The Bevilacqua La Masa Foundation in Venice presents "Magnetic Field," the final exhibition of Ateliers 2023-2024. The exhibition, curated by Cristina Beltrami, brings together fifteen young artists who, after eleven months of residency, exhibit their works in dialogue at Palazzetto Tito.

Entitled Campo magnetico, the concluding exhibition of the Atelier 2023-2024 program of the Bevilacqua La Masa Foundation in Venice. Curated by Cristina Beltrami, the exhibition is the culmination of a year-long residency that saw fifteen young artists work side by side in the prestigious spaces of Palazzo Carminati in San Stae and the cloister of Saints Cosma and Damiano at Giudecca. The artists in the exhibition are Nadezda Golysheva, Alexander Koch, Giuseppe Lo Cascio, Enrico Loquercio, Rebecca Michelini, Carlo Negro, Eric Pasino, Chiara Peruch, Matteo Rattini, Giovanni Sambo, Matilde Sambo, Elsa Scagliarini, Pierluigi Scandiuzzi, Stefano Stoppa and Jacopo Zambello.

The Bevilacqua La Masa Foundation, founded in 1898, is one of the oldest Italian institutions dedicated to promoting young artistic talent. Each year, through a rigorous competition, fifteen artists are selected to participate in a residency program that offers them the opportunity to work in a stimulating environment and grow professionally.

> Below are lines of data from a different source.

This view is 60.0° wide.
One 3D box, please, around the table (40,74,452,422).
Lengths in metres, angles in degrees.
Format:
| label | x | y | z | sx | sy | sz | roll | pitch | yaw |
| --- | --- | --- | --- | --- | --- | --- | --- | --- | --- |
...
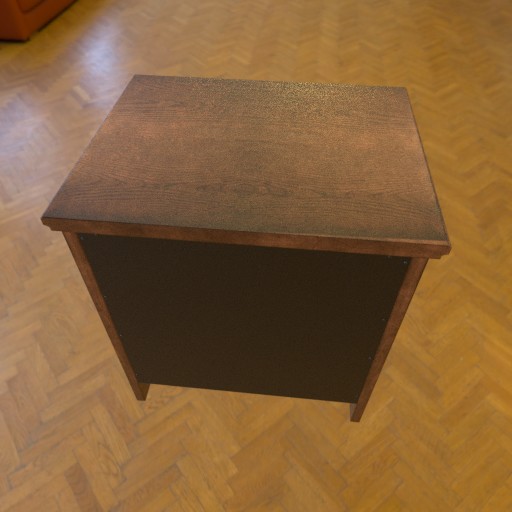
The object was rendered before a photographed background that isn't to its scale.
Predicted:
| label | x | y | z | sx | sy | sz | roll | pitch | yaw |
| --- | --- | --- | --- | --- | --- | --- | --- | --- | --- |
| table | 0.000 | 0.000 | 0.996 | 0.586 | 0.597 | 0.461 | 4 | 47 | 4 |
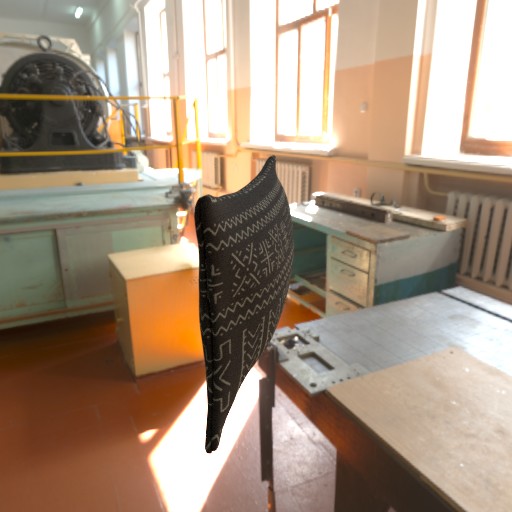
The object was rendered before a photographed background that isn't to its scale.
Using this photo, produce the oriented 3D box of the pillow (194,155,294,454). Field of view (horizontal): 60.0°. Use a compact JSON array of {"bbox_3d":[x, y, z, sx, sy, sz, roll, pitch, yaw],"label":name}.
[{"bbox_3d":[0.000,0.000,0.814,0.135,0.322,0.667,2,17,8],"label":"pillow"}]
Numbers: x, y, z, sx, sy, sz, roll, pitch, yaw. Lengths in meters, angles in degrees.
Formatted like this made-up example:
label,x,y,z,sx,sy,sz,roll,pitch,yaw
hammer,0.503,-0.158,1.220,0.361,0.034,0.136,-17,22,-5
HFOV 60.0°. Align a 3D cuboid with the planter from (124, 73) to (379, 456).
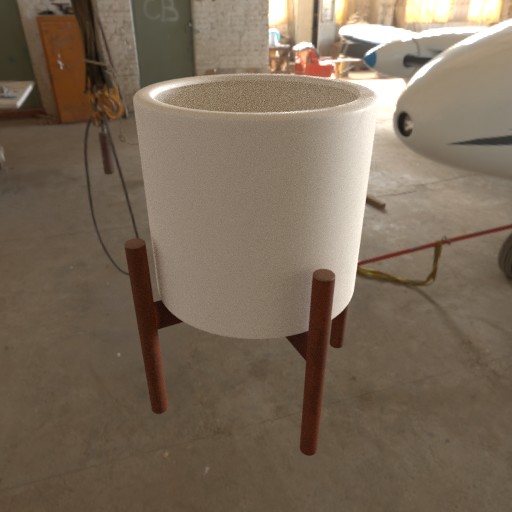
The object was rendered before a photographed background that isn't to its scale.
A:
label,x,y,z,sx,sy,sz,roll,pitch,yaw
planter,0.000,0.000,0.502,0.224,0.358,0.224,9,31,16
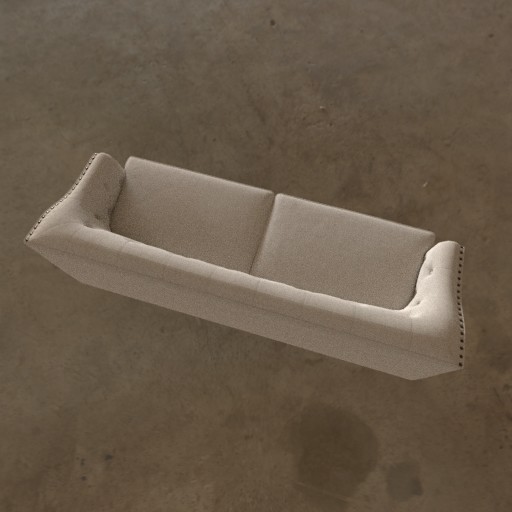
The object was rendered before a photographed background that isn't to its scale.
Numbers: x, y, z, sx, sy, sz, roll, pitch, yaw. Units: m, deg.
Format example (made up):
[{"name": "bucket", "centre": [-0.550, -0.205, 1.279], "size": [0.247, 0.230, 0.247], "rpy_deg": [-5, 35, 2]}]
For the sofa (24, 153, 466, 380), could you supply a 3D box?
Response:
[{"name": "sofa", "centre": [0.000, 0.000, 2.679], "size": [2.235, 0.901, 0.914], "rpy_deg": [15, 65, 7]}]
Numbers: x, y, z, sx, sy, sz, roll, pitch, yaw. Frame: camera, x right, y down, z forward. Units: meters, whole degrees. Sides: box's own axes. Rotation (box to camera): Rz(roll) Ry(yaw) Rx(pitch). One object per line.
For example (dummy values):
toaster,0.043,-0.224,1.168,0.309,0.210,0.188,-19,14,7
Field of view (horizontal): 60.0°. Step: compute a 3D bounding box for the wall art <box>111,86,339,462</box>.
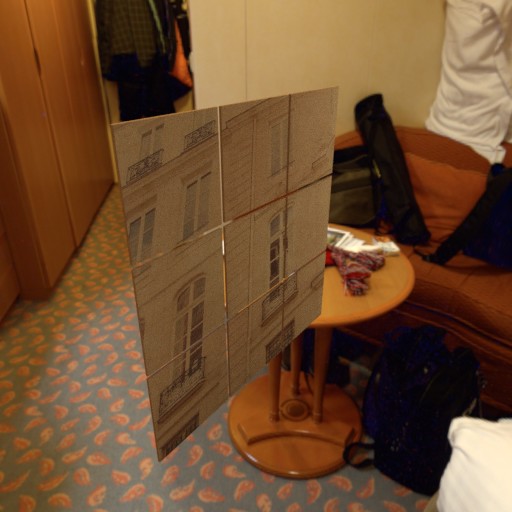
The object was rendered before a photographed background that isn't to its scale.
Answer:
wall art,0.000,0.000,2.271,0.023,1.522,1.526,18,32,32
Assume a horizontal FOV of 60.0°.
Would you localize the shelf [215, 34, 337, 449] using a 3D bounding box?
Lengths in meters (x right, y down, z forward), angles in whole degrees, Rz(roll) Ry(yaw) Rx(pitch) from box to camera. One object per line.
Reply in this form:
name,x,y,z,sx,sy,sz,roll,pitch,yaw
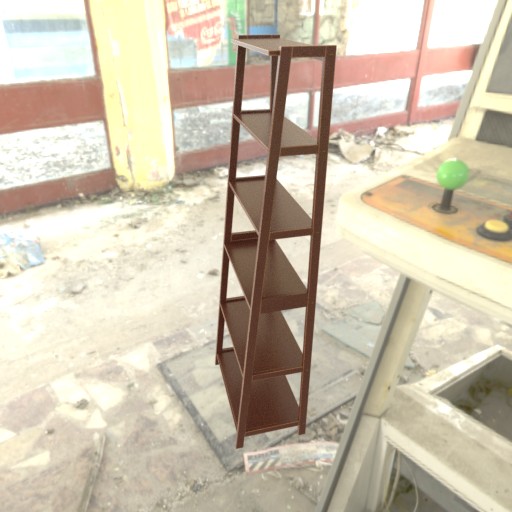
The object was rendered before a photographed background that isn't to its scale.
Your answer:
shelf,0.000,0.000,2.155,0.381,1.892,0.660,-7,30,-12
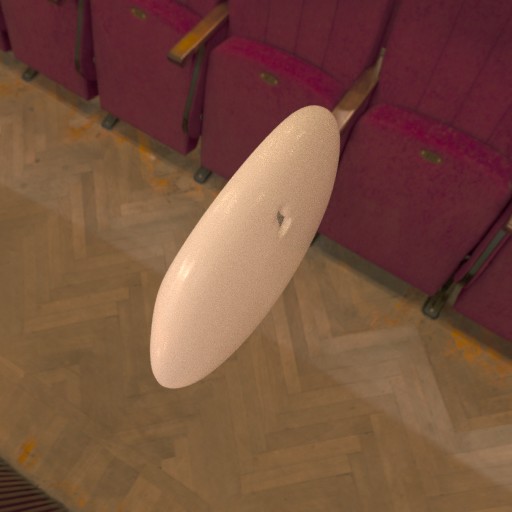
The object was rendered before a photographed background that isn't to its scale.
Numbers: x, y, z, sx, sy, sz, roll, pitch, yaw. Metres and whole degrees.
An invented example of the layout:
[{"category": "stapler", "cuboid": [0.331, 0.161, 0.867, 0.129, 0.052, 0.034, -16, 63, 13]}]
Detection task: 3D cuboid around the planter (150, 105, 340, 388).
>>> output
[{"category": "planter", "cuboid": [0.000, 0.000, 0.273, 0.043, 0.188, 0.185, 32, 68, 14]}]
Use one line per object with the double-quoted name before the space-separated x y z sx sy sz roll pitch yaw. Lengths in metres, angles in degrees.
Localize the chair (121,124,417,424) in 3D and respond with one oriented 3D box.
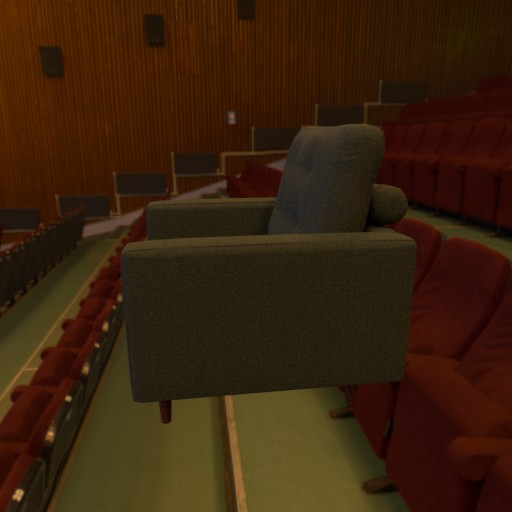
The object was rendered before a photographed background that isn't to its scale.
"chair" 0.000 0.000 1.555 0.843 0.880 0.821 -2 16 -8
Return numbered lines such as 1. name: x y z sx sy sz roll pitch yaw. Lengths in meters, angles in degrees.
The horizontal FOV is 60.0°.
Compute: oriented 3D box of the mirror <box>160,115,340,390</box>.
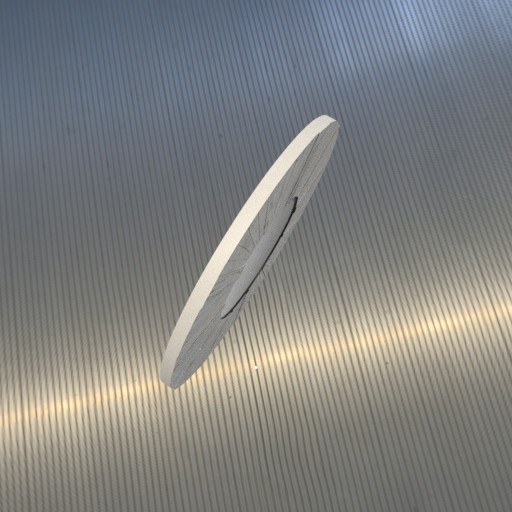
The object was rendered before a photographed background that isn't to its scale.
1. mirror: 0.000 0.000 1.366 0.038 0.914 0.914 32 78 8
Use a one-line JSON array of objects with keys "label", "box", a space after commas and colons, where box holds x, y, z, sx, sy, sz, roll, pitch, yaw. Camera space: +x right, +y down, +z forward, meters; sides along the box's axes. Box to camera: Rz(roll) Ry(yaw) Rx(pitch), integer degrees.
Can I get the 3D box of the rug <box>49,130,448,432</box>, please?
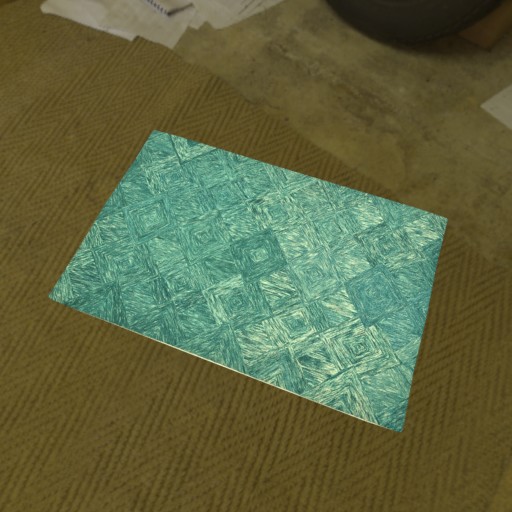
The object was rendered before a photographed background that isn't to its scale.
[{"label": "rug", "box": [0.000, 0.000, 2.229, 1.728, 0.017, 1.136, 19, 65, 9]}]
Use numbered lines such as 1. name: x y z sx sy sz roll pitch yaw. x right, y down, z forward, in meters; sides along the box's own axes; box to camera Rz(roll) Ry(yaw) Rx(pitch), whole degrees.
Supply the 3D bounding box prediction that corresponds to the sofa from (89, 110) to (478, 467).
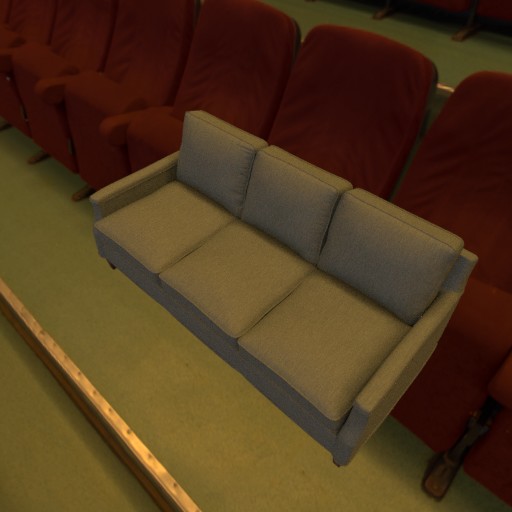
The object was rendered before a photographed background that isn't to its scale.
1. sofa: 0.000 0.000 2.779 2.246 1.003 1.084 34 54 29
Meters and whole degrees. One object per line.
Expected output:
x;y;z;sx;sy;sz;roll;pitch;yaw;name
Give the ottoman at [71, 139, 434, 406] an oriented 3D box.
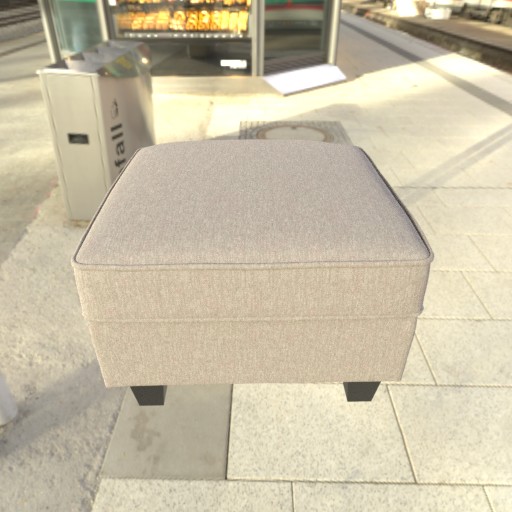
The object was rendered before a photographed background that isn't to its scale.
0.000;0.000;1.425;0.871;0.612;0.808;-1;33;-1;ottoman
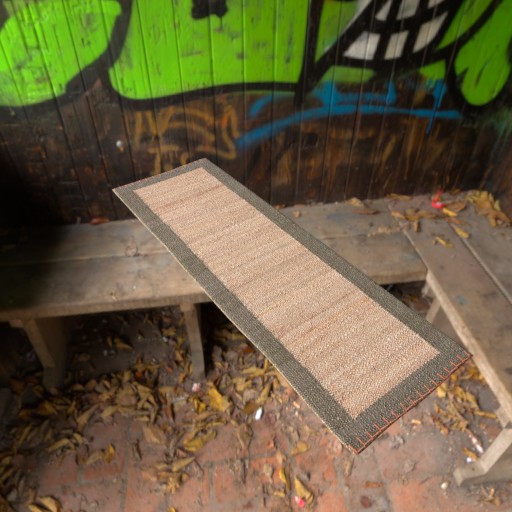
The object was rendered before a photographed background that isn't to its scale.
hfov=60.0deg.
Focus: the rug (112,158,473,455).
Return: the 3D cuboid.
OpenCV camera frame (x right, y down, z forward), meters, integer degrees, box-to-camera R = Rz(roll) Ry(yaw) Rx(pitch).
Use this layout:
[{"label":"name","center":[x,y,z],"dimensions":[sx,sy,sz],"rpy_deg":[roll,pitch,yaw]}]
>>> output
[{"label":"rug","center":[0.000,0.000,2.663],"dimensions":[0.810,0.016,2.413],"rpy_deg":[-26,47,-27]}]

The title of the exhibition, Magnetic Field, reflects the nature of the path shared by the artists during the eleven-month residency. Like a magnetic field, created by the interaction of individual electrical discharges that generate a collective attraction, so too did the artists develop a bond through the exchange of ideas, experiences and the sharing of spaces.

The exhibition presents a series of works ranging from painting and sculpture to installations, photography and video, creating a dialogue between different artistic languages. Some artists have explored new materials and themes, while others have maintained their own line of research, pushing into unexplored territories.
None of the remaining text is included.